A score ratio is given by the formula
p = (Team A Points Scored) / (Points Scored In Game)
and can only be between 0 and 1. The score ratio for the opponent is merely 1-p. Similarly, a Beta Distribution models random variables between 0 and 1 by comparing the relationship between the value and its additive inverse. In layman terms, we model the distribution of p and 1-p.
In order to develop a beta regression model, we need to find a link function to transform the mean response, to a number between negative-infinity to infinity. We find that the logit link function that was used in logistic regression works well here, however we do not assume Gaussian error. Instead, we use the log-likelihood function of the beta distribution and write the average of the beta distribution as a function of the logit link function. There is some serious math going on here, and thanks to Silvia Ferrari and Francisco Cribari-Neto, we have a numerical solution for calculating this expectation.

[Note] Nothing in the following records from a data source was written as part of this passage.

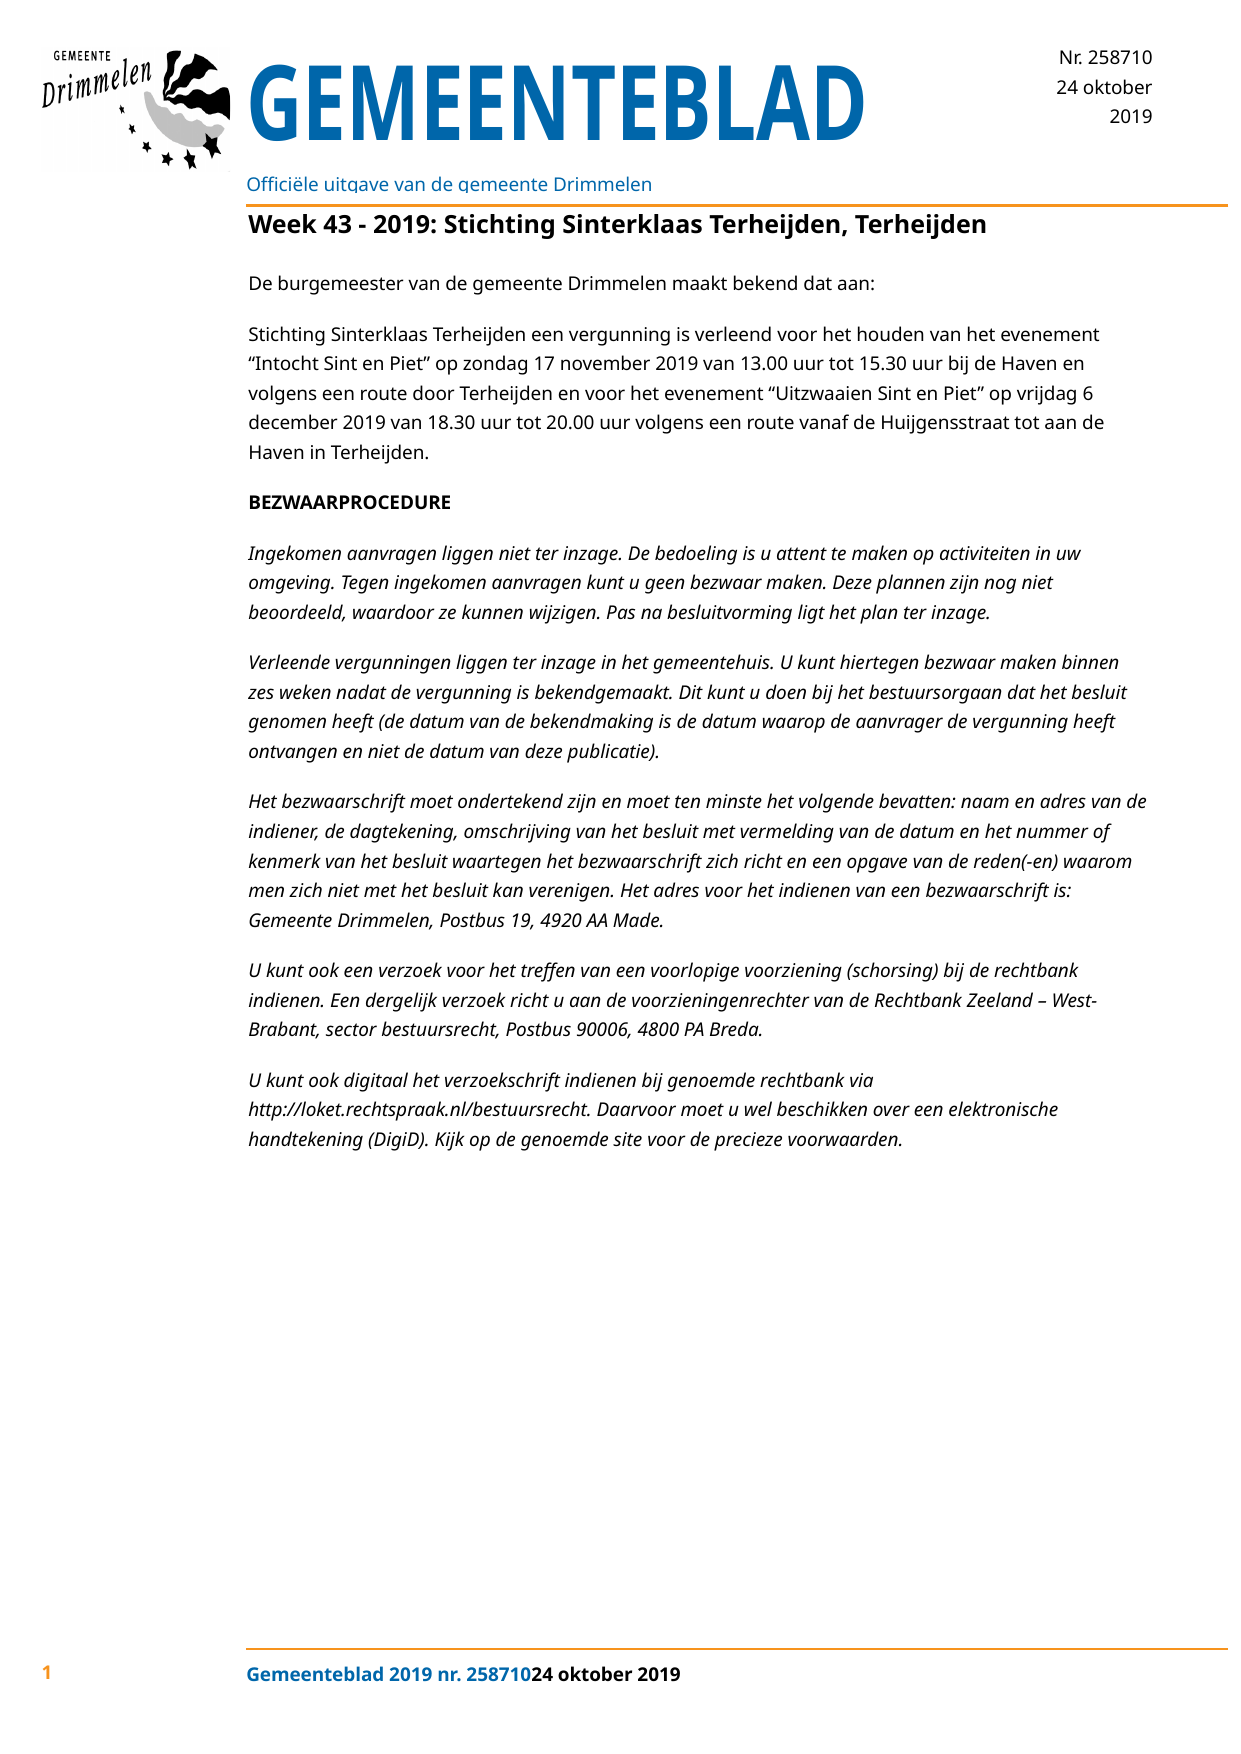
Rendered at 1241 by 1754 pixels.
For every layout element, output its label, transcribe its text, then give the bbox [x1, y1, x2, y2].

picture [41, 47, 231, 172]
text De burgemeester van de gemeente Drimmelen maakt bekend dat aan: [248, 270, 1152, 296]
text BEZWAARPROCEDURE [248, 489, 1152, 515]
text U kunt ook digitaal het verzoekschrift indienen bij genoemde rechtbank via http://loket.rechtspraak.nl/bestuursrecht. Daarvoor moet u wel beschikken over een elektronische handtekening (DigiD). Kijk op de genoemde site voor de precieze voorwaarden. [248, 1067, 1152, 1152]
text Stichting Sinterklaas Terheijden een vergunning is verleend voor het houden van het evenement “Intocht Sint en Piet” op zondag 17 november 2019 van 13.00 uur tot 15.30 uur bij de Haven en volgens een route door Terheijden en voor het evenement “Uitzwaaien Sint en Piet” op vrijdag 6 december 2019 van 18.30 uur tot 20.00 uur volgens een route vanaf de Huijgensstraat tot aan de Haven in Terheijden. [248, 321, 1152, 465]
text Ingekomen aanvragen liggen niet ter inzage. De bedoeling is u attent te maken op activiteiten in uw omgeving. Tegen ingekomen aanvragen kunt u geen bezwaar maken. Deze plannen zijn nog niet beoordeeld, waardoor ze kunnen wijzigen. Pas na besluitvorming ligt het plan ter inzage. [248, 540, 1152, 625]
text U kunt ook een verzoek voor het treffen van een voorlopige voorziening (schorsing) bij de rechtbank indienen. Een dergelijk verzoek richt u aan de voorzieningenrechter van de Rechtbank Zeeland – West-Brabant, sector bestuursrecht, Postbus 90006, 4800 PA Breda. [248, 957, 1152, 1042]
text Verleende vergunningen liggen ter inzage in het gemeentehuis. U kunt hiertegen bezwaar maken binnen zes weken nadat de vergunning is bekendgemaakt. Dit kunt u doen bij het bestuursorgaan dat het besluit genomen heeft (de datum van de bekendmaking is de datum waarop de aanvrager de vergunning heeft ontvangen en niet de datum van deze publicatie). [248, 649, 1152, 764]
text Het bezwaarschrift moet ondertekend zijn en moet ten minste het volgende bevatten: naam en adres van de indiener, de dagtekening, omschrijving van het besluit met vermelding van de datum en het nummer of kenmerk van het besluit waartegen het bezwaarschrift zich richt en een opgave van de reden(-en) waarom men zich niet met het besluit kan verenigen. Het adres voor het indienen van een bezwaarschrift is: Gemeente Drimmelen, Postbus 19, 4920 AA Made. [248, 789, 1152, 933]
text Week 43 - 2019: Stichting Sinterklaas Terheijden, Terheijden [248, 207, 1152, 241]
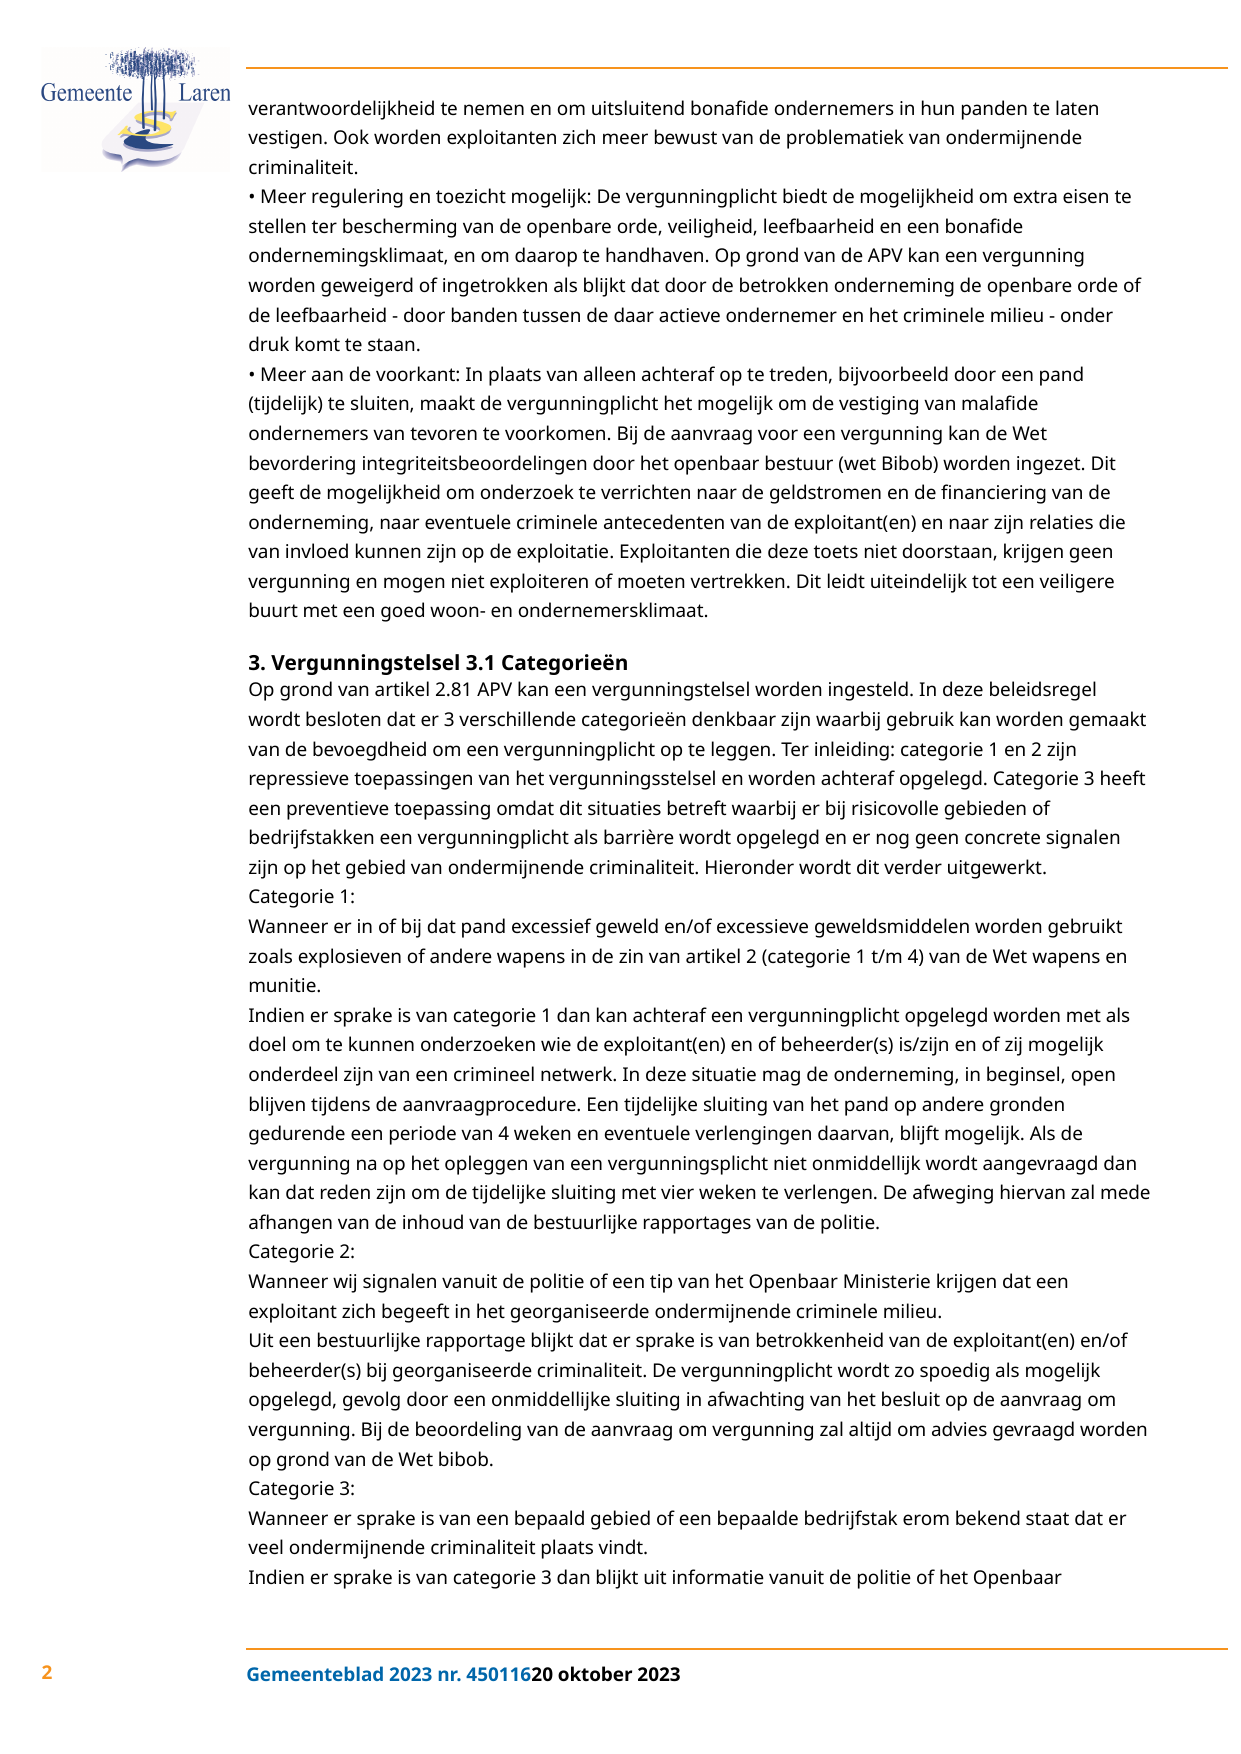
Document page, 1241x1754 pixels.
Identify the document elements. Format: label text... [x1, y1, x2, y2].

text Uit een bestuurlijke rapportage blijkt dat er sprake is van betrokkenheid van de exploitant(en) en/of beheerder(s) bij georganiseerde criminaliteit. De vergunningplicht wordt zo spoedig als mogelijk opgelegd, gevolg door een onmiddellijke sluiting in afwachting van het besluit op de aanvraag om vergunning. Bij de beoordeling van de aanvraag om vergunning zal altijd om advies gevraagd worden op grond van de Wet bibob. [248, 1327, 1152, 1471]
text • Meer regulering en toezicht mogelijk: De vergunningplicht biedt de mogelijkheid om extra eisen te stellen ter bescherming van de openbare orde, veiligheid, leefbaarheid en een bonafide ondernemingsklimaat, en om daarop te handhaven. Op grond van de APV kan een vergunning worden geweigerd of ingetrokken als blijkt dat door de betrokken onderneming de openbare orde of de leefbaarheid - door banden tussen de daar actieve ondernemer en het criminele milieu - onder druk komt te staan. [248, 183, 1152, 357]
text Wanneer er sprake is van een bepaald gebied of een bepaalde bedrijfstak erom bekend staat dat er veel ondermijnende criminaliteit plaats vindt. [248, 1505, 1152, 1560]
text Categorie 3: [248, 1475, 1152, 1501]
text Categorie 2: [248, 1239, 1152, 1264]
text 3. Vergunningstelsel 3.1 Categorieën [248, 648, 1152, 677]
text Wanneer wij signalen vanuit de politie of een tip van het Openbaar Ministerie krijgen dat een exploitant zich begeeft in het georganiseerde ondermijnende criminele milieu. [248, 1268, 1152, 1323]
text verantwoordelijkheid te nemen en om uitsluitend bonafide ondernemers in hun panden te laten vestigen. Ook worden exploitanten zich meer bewust van de problematiek van ondermijnende criminaliteit. [248, 95, 1152, 180]
text Categorie 1: [248, 884, 1152, 909]
text • Meer aan de voorkant: In plaats van alleen achteraf op te treden, bijvoorbeeld door een pand (tijdelijk) te sluiten, maakt de vergunningplicht het mogelijk om de vestiging van malafide ondernemers van tevoren te voorkomen. Bij de aanvraag voor een vergunning kan de Wet bevordering integriteitsbeoordelingen door het openbaar bestuur (wet Bibob) worden ingezet. Dit geeft de mogelijkheid om onderzoek te verrichten naar de geldstromen en de financiering van de onderneming, naar eventuele criminele antecedenten van de exploitant(en) en naar zijn relaties die van invloed kunnen zijn op de exploitatie. Exploitanten die deze toets niet doorstaan, krijgen geen vergunning en mogen niet exploiteren of moeten vertrekken. Dit leidt uiteindelijk tot een veiligere buurt met een goed woon- en ondernemersklimaat. [248, 361, 1152, 623]
text Wanneer er in of bij dat pand excessief geweld en/of excessieve geweldsmiddelen worden gebruikt zoals explosieven of andere wapens in de zin van artikel 2 (categorie 1 t/m 4) van de Wet wapens en munitie. [248, 913, 1152, 998]
text Indien er sprake is van categorie 3 dan blijkt uit informatie vanuit de politie of het Openbaar [248, 1564, 1152, 1590]
picture [41, 47, 231, 172]
text Op grond van artikel 2.81 APV kan een vergunningstelsel worden ingesteld. In deze beleidsregel wordt besloten dat er 3 verschillende categorieën denkbaar zijn waarbij gebruik kan worden gemaakt van de bevoegdheid om een vergunningplicht op te leggen. Ter inleiding: categorie 1 en 2 zijn repressieve toepassingen van het vergunningsstelsel en worden achteraf opgelegd. Categorie 3 heeft een preventieve toepassing omdat dit situaties betreft waarbij er bij risicovolle gebieden of bedrijfstakken een vergunningplicht als barrière wordt opgelegd en er nog geen concrete signalen zijn op het gebied van ondermijnende criminaliteit. Hieronder wordt dit verder uitgewerkt. [248, 677, 1152, 880]
text Indien er sprake is van categorie 1 dan kan achteraf een vergunningplicht opgelegd worden met als doel om te kunnen onderzoeken wie de exploitant(en) en of beheerder(s) is/zijn en of zij mogelijk onderdeel zijn van een crimineel netwerk. In deze situatie mag de onderneming, in beginsel, open blijven tijdens de aanvraagprocedure. Een tijdelijke sluiting van het pand op andere gronden gedurende een periode van 4 weken en eventuele verlengingen daarvan, blijft mogelijk. Als de vergunning na op het opleggen van een vergunningsplicht niet onmiddellijk wordt aangevraagd dan kan dat reden zijn om de tijdelijke sluiting met vier weken te verlengen. De afweging hiervan zal mede afhangen van de inhoud van de bestuurlijke rapportages van de politie. [248, 1002, 1152, 1235]

Using the logit link function, we have a linear model where the coefficients give us a strength of points scored by a given team. The covariates used is the same set up as the logistic regression model where indicators are used for teams playing and home field. Using the beta regression model, we obtain the strengths of each team.
Using the rankings model, we are then able to run a Markov Chain Monte Carlo simulation to predict the final standings for the season.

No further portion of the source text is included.